As another example, Go 1.18 added TryLock() to its various mutexes for exactly this case.

@yokba 2 года назад

Could you explain the difference between mutex and spinlock?

@kennichdendenn 2 года назад

The spinlock is used in conjunction with a mutex variable - it is one possibility of waiting until the mutex var is no longer in the locked state. You can think of the spinlock as a while loop that checks, if the mutex var is currently in the unlocked state. If not, it checks again and again and again until the mutex finally IS unlocked. Thats kinda wasteful because it uses CPU cycles for the constant checking but very easy to implement.

@DFPercush 2 года назад

A spin lock is one possible implementation of a mutex.

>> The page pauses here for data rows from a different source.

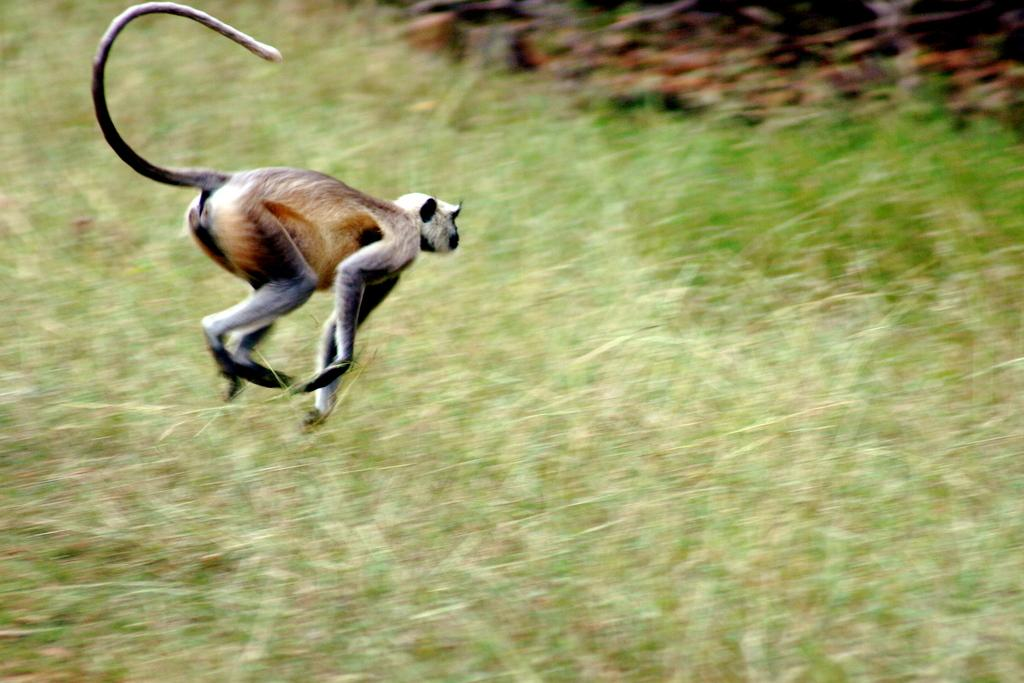What type of surface is visible on the ground in the image? There is grass on the ground in the image. What is the animal in the image doing? The animal is running in the image. Can you describe the background of the image? The background of the image is blurry. What type of cherry is being harvested in the image? There is no cherry or produce present in the image; it features grass and an animal running. 
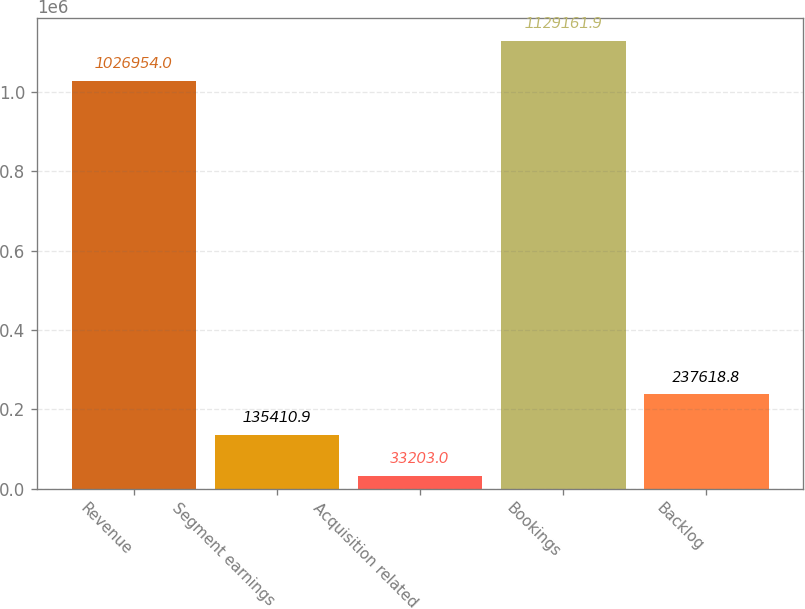<chart> <loc_0><loc_0><loc_500><loc_500><bar_chart><fcel>Revenue<fcel>Segment earnings<fcel>Acquisition related<fcel>Bookings<fcel>Backlog<nl><fcel>1.02695e+06<fcel>135411<fcel>33203<fcel>1.12916e+06<fcel>237619<nl></chart> 
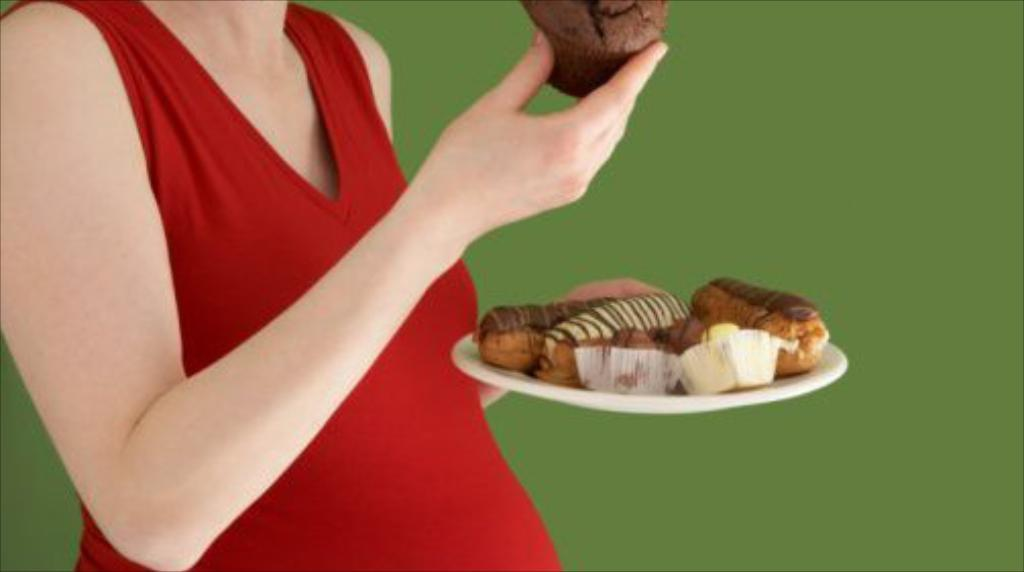Who is the main subject in the image? There is a lady in the image. What is the lady wearing? The lady is wearing a red dress. What is the lady holding in the image? The lady is holding a plate. What is on the plate that the lady is holding? The plate contains cupcakes and other cakes. What can be seen in the background of the image? There is a green wall in the background of the image. What type of stew is being served on the plate in the image? There is no stew present in the image; the plate contains cupcakes and other cakes. Can you see a snail crawling on the lady's red dress in the image? There is no snail visible on the lady's red dress in the image. 
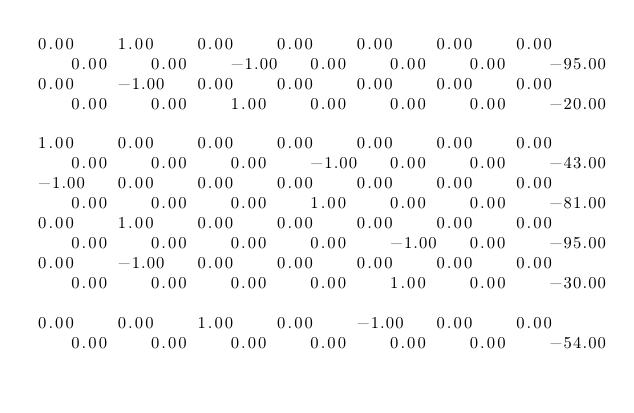Convert code to text. <code><loc_0><loc_0><loc_500><loc_500><_Matlab_>0.00	1.00	0.00	0.00	0.00	0.00	0.00	0.00	0.00	-1.00	0.00	0.00	0.00	-95.00
0.00	-1.00	0.00	0.00	0.00	0.00	0.00	0.00	0.00	1.00	0.00	0.00	0.00	-20.00

1.00	0.00	0.00	0.00	0.00	0.00	0.00	0.00	0.00	0.00	-1.00	0.00	0.00	-43.00
-1.00	0.00	0.00	0.00	0.00	0.00	0.00	0.00	0.00	0.00	1.00	0.00	0.00	-81.00
0.00	1.00	0.00	0.00	0.00	0.00	0.00	0.00	0.00	0.00	0.00	-1.00	0.00	-95.00
0.00	-1.00	0.00	0.00	0.00	0.00	0.00	0.00	0.00	0.00	0.00	1.00	0.00	-30.00

0.00	0.00	1.00	0.00	-1.00	0.00	0.00	0.00	0.00	0.00	0.00	0.00	0.00	-54.00</code> 
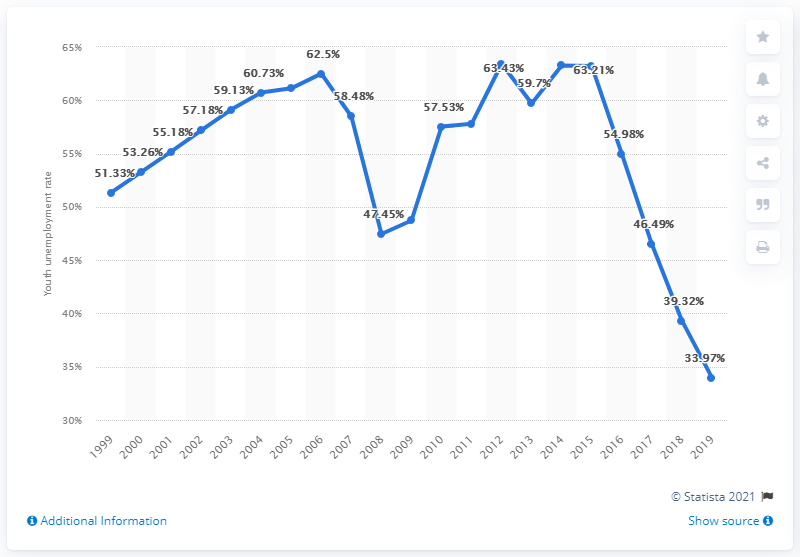Draw attention to some important aspects in this diagram. The youth unemployment rate in Bosnia and Herzegovina in 2019 was 33.97%. 
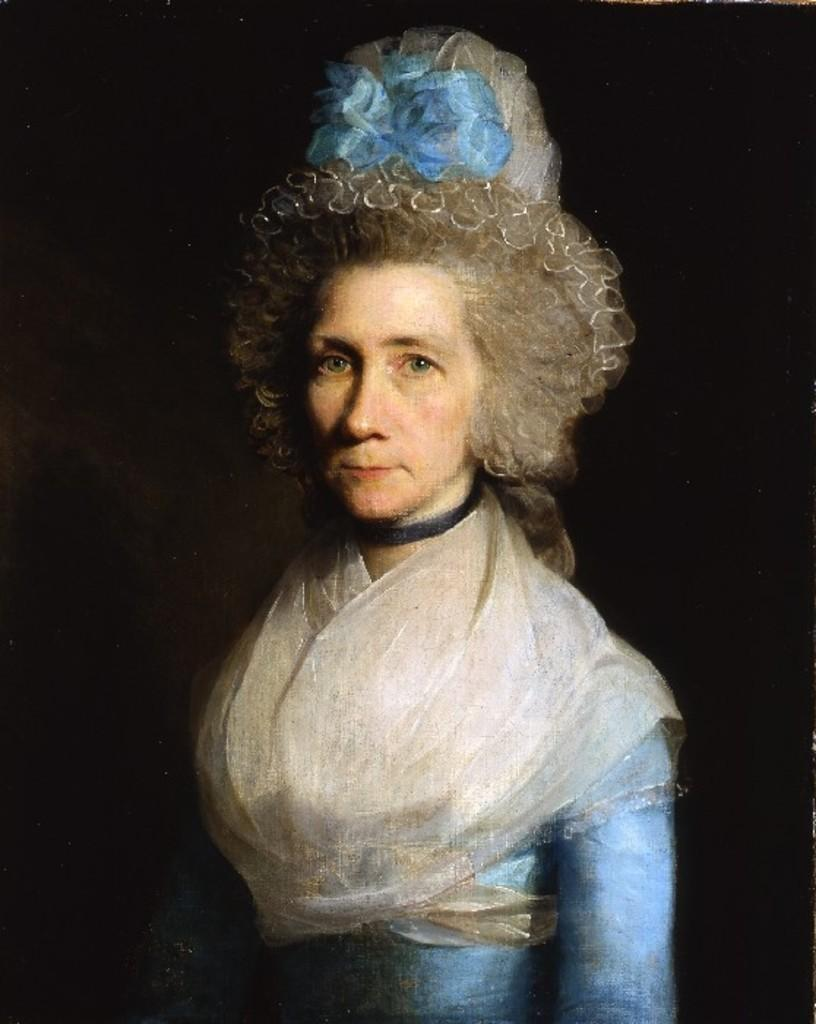What is depicted in the painting in the image? There is a painting of a woman in the image. What is the woman wearing in the painting? The woman is wearing a blue dress and a hat. How would you describe the overall color scheme of the image? The background of the image is dark. What type of power source is used to light up the painting in the image? There is no indication in the image that the painting is lit up or requires a power source. How many thumbs can be seen on the woman's hands in the painting? The image does not show the woman's hands, so it is impossible to determine the number of thumbs.

@SerBallister 2 года назад

A mutex usually puts the waiting thread to sleep, so the only CPU used is when the mutex is released and the waiting thread is told to wake up. A spinlock will have the CPU in a loop constantly testing a variable.

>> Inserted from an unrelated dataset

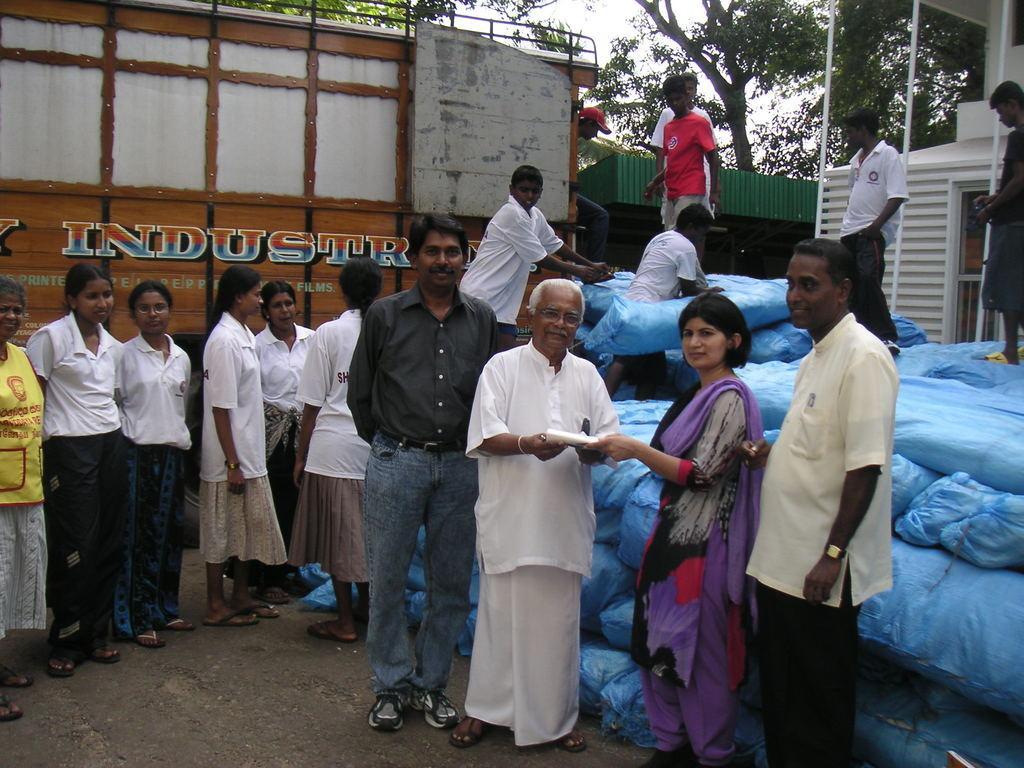Could you give a brief overview of what you see in this image? In front of the image there is an old man and a woman holding some object in their hands, around them there are a few other people, behind them there is a truck and there are some objects placed in bags. In the background of the image there is a building and trees,

@marcossidoruk8033 Год назад

A spinlock puts the thread to spin on a loop while a mutex puts the thread to sleep, usually using a special OS system call that tells the OS the thread is waiting on a mutex so that the OS can optimize for that in a way it wouldnt be able otherwise. Generally, spinlocks are faster than mutexes because mutexes pay a rather expensive syscall cost and spinlocks dont. However Spinlocks do not release the threads so if the number of threads is greater than the number of cores in the system the OS shcheduler will probably go nuts switching between the waiting threads and that is bad. Also spinlocks are generally a bad idea if you are waiting for relatively long periods of time. So generally, use a mutex if you are waiting for long periods of time or you have a lot of threads and use a spinlock if you are locking and unlocking really quickly.

@Ryan-xq3kl 2 года назад

Are these only relevant to hardware level operations ?

@bob-ny6kn 2 года назад

Back in the '80s we called it a semaphore. How is this "new" again?

@dtikvxcdgjbv7975 Год назад

Advanced.

@TheExileFox 2 года назад

But what if you want something that isn't a mutex but also isn't a regular data type? something with a "write protect lock" that can be enabled or disabled on-the-fly? (but still allows multiple threads to read from it regardless of it's state) What do you suggest then?